Cuba has received more than 1.7 million international travelers between January and October of this year, a figure that exceeds the goal that he set downward for this year, which originally stood at 2.5 million.
As reported this Friday by the National Statistics and Information Office (Onei), the figure registered in the first 10 months of 2022 represents 540% more than in the same period last year.
The main issuing countries have been Canada, Cubans residing abroad, the United States, Spain, Germany, Russia, the United Kingdom, France, Italy and Mexico, in that order, according to Onei.
Canada, traditionally the largest issuing market, leads the list of countries with travelers to the island, with 359,034 tourists, followed by the Cuban emigrant community, which accumulates 266,264 visitors.
In a previous cut, in the first eight months 1,396,921 travelers had arrived on the island, more than double the 573,944 who were in Cuba in all of last year, according to official data.
Official estimates foresee income for the Cuban economy of some 1,159 million dollars if that number of visitors arrives until December.

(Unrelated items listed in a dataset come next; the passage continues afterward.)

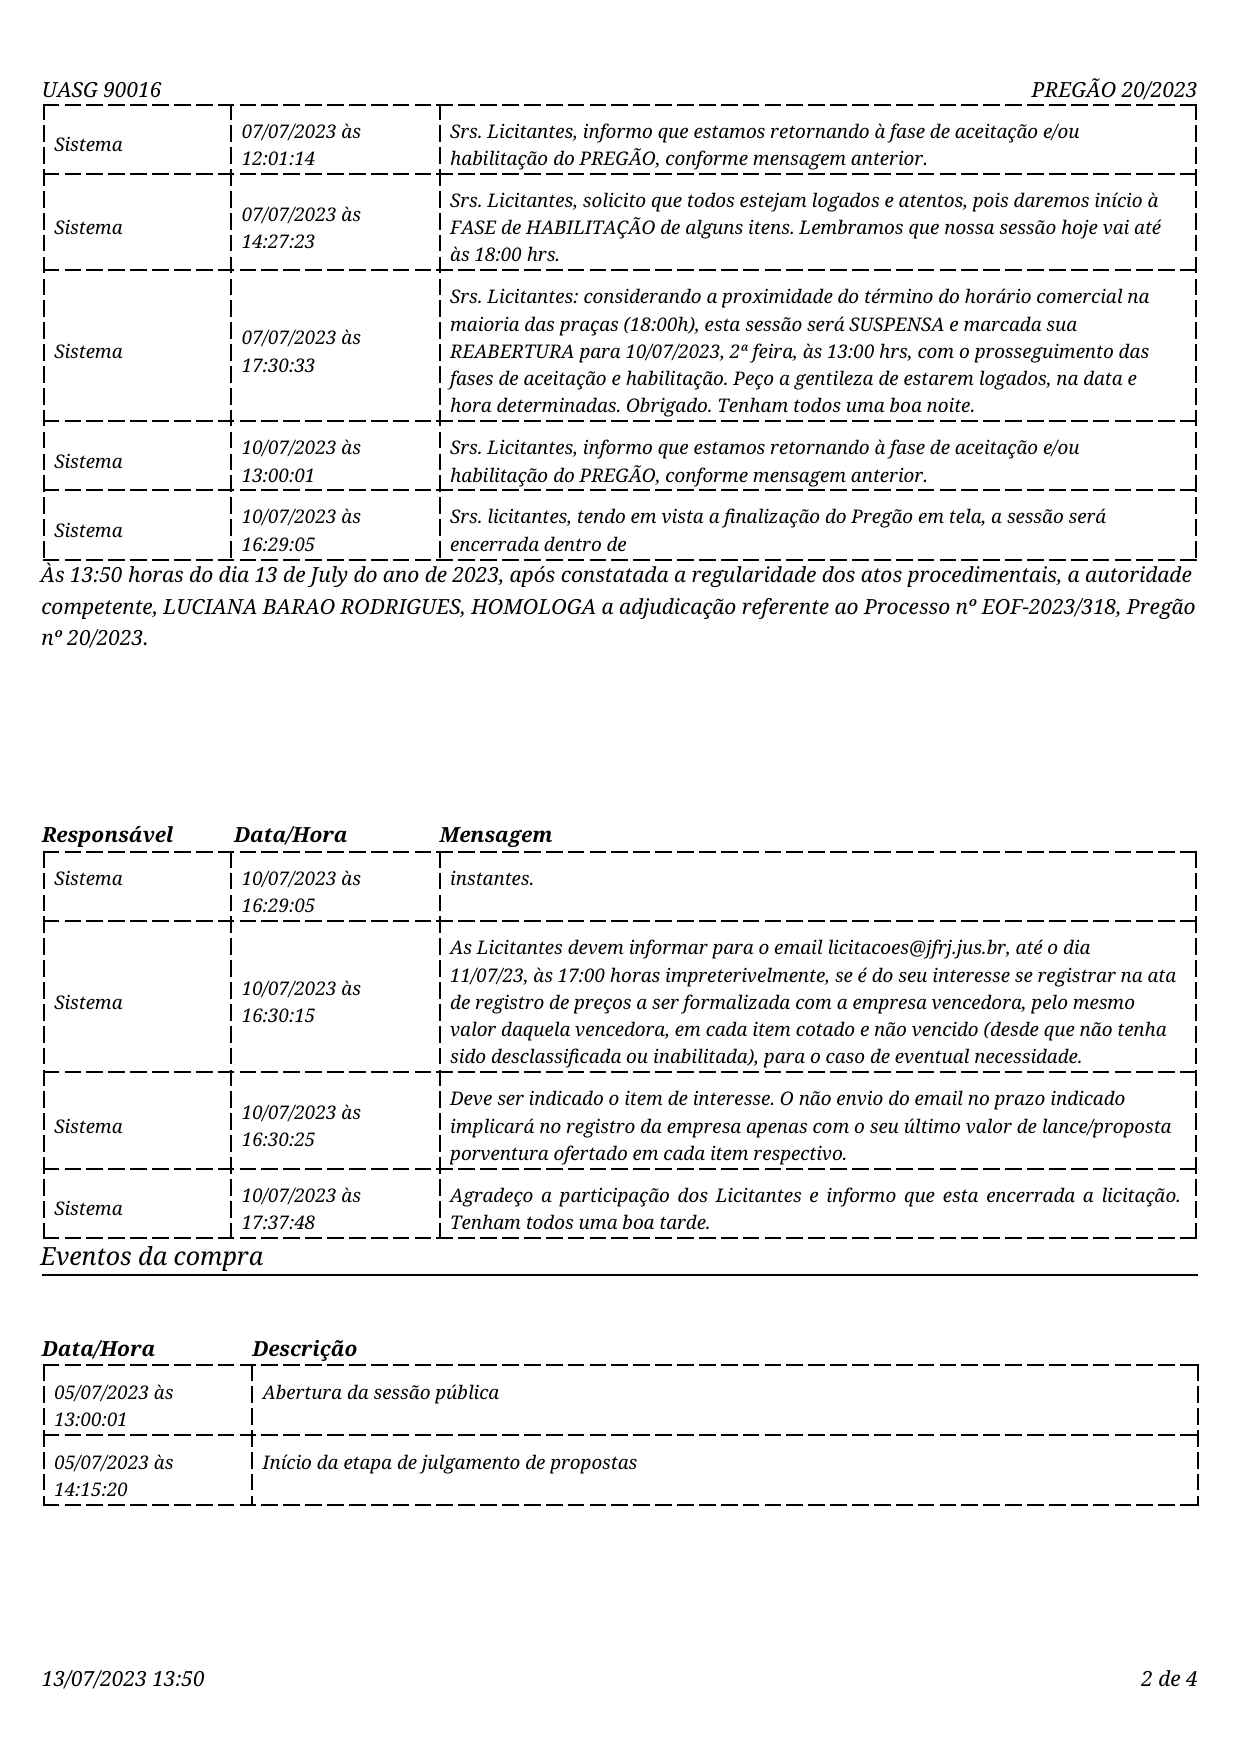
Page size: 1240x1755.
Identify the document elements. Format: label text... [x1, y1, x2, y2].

table_cell 10/07/2023 às 16:29:05 [231, 489, 439, 558]
table_cell Srs. licitantes, tendo em vista a finalização do Pregão em tela, a sessão será encerrada dentro de [440, 489, 1196, 558]
table_cell Sistema [44, 489, 231, 558]
table_cell 07/07/2023 às 17:30:33 [231, 269, 439, 420]
table_cell Sistema [44, 173, 231, 269]
table_cell Início da etapa de julgamento de propostas [252, 1434, 1198, 1503]
table_cell Srs. Licitantes, solicito que todos estejam logados e atentos, pois daremos início à FASE de HABILITAÇÃO de alguns itens. Lembramos que nossa sessão hoje vai até às 18:00 hrs. [440, 173, 1196, 269]
table_cell Sistema [44, 104, 231, 173]
table_cell 10/07/2023 às 16:30:15 [231, 920, 439, 1071]
table_header 10/07/2023 às 16:29:05 [231, 851, 439, 920]
table_header 05/07/2023 às 13:00:01 [44, 1364, 252, 1434]
table_header instantes. [440, 851, 1196, 920]
table_cell 10/07/2023 às 16:30:25 [231, 1071, 439, 1167]
text Eventos da compra [40, 1239, 1200, 1273]
table_cell Srs. Licitantes, informo que estamos retornando à fase de aceitação e/ou habilitação do PREGÃO, conforme mensagem anterior. [440, 420, 1196, 489]
table_cell Sistema [44, 269, 231, 420]
table_cell 10/07/2023 às 13:00:01 [231, 420, 439, 489]
table_cell Srs. Licitantes, informo que estamos retornando à fase de aceitação e/ou habilitação do PREGÃO, conforme mensagem anterior. [440, 104, 1196, 173]
table_cell Deve ser indicado o item de interesse. O não envio do email no prazo indicado implicará no registro da empresa apenas com o seu último valor de lance/proposta porventura ofertado em cada item respectivo. [440, 1071, 1196, 1167]
text Às 13:50 horas do dia 13 de July do ano de 2023, após constatada a regularidade dos atos procedimentais, a autoridade competente, LUCIANA BARAO RODRIGUES, HOMOLOGA a adjudicação referente ao Processo nº EOF-2023/318, Pregão nº 20/2023. [40, 561, 1200, 651]
table_cell Agradeço a participação dos Licitantes e informo que esta encerrada a licitação. Tenham todos uma boa tarde. [440, 1168, 1196, 1237]
table_header Sistema [44, 851, 231, 920]
table_cell Sistema [44, 420, 231, 489]
table_cell Sistema [44, 1071, 231, 1167]
text Responsável Data/Hora Mensagem [42, 820, 1200, 848]
table_cell Srs. Licitantes: considerando a proximidade do término do horário comercial na maioria das praças (18:00h), esta sessão será SUSPENSA e marcada sua REABERTURA para 10/07/2023, 2ª feira, às 13:00 hrs, com o prosseguimento das fases de aceitação e habilitação. Peço a gentileza de estarem logados, na data e hora determinadas. Obrigado. Tenham todos uma boa noite. [440, 269, 1196, 420]
text Data/Hora Descrição [42, 1334, 1200, 1362]
table_cell 07/07/2023 às 12:01:14 [231, 104, 439, 173]
table_cell As Licitantes devem informar para o email licitacoes@jfrj.jus.br, até o dia 11/07/23, às 17:00 horas impreterivelmente, se é do seu interesse se registrar na ata de registro de preços a ser formalizada com a empresa vencedora, pelo mesmo valor daquela vencedora, em cada item cotado e não vencido (desde que não tenha sido desclassificada ou inabilitada), para o caso de eventual necessidade. [440, 920, 1196, 1071]
table_cell 10/07/2023 às 17:37:48 [231, 1168, 439, 1237]
table_cell 07/07/2023 às 14:27:23 [231, 173, 439, 269]
table_cell 05/07/2023 às 14:15:20 [44, 1434, 252, 1503]
table_cell Sistema [44, 920, 231, 1071]
table_header Abertura da sessão pública [252, 1364, 1198, 1434]
table_cell Sistema [44, 1168, 231, 1237]

In 2018 and 2019, Cuba welcomed between 4 and 5 million international travelers a year.
Tourism represents the second largest item of gross domestic product (GDP) and the second largest source of foreign currency in Cuba, behind the export of professional services, mainly from the health sector.
The Minister of Tourism, Juan Carlos García Granda, declared that in 2023 Cuba expects to receive more than 3 million foreign tourists.
“Tourism serves to reactivate thermoelectric plants, to buy more food, to provide raw materials to producers, to achieve more well-being and quality of life for the people in general,” he explained during the London Tourism Fair last November.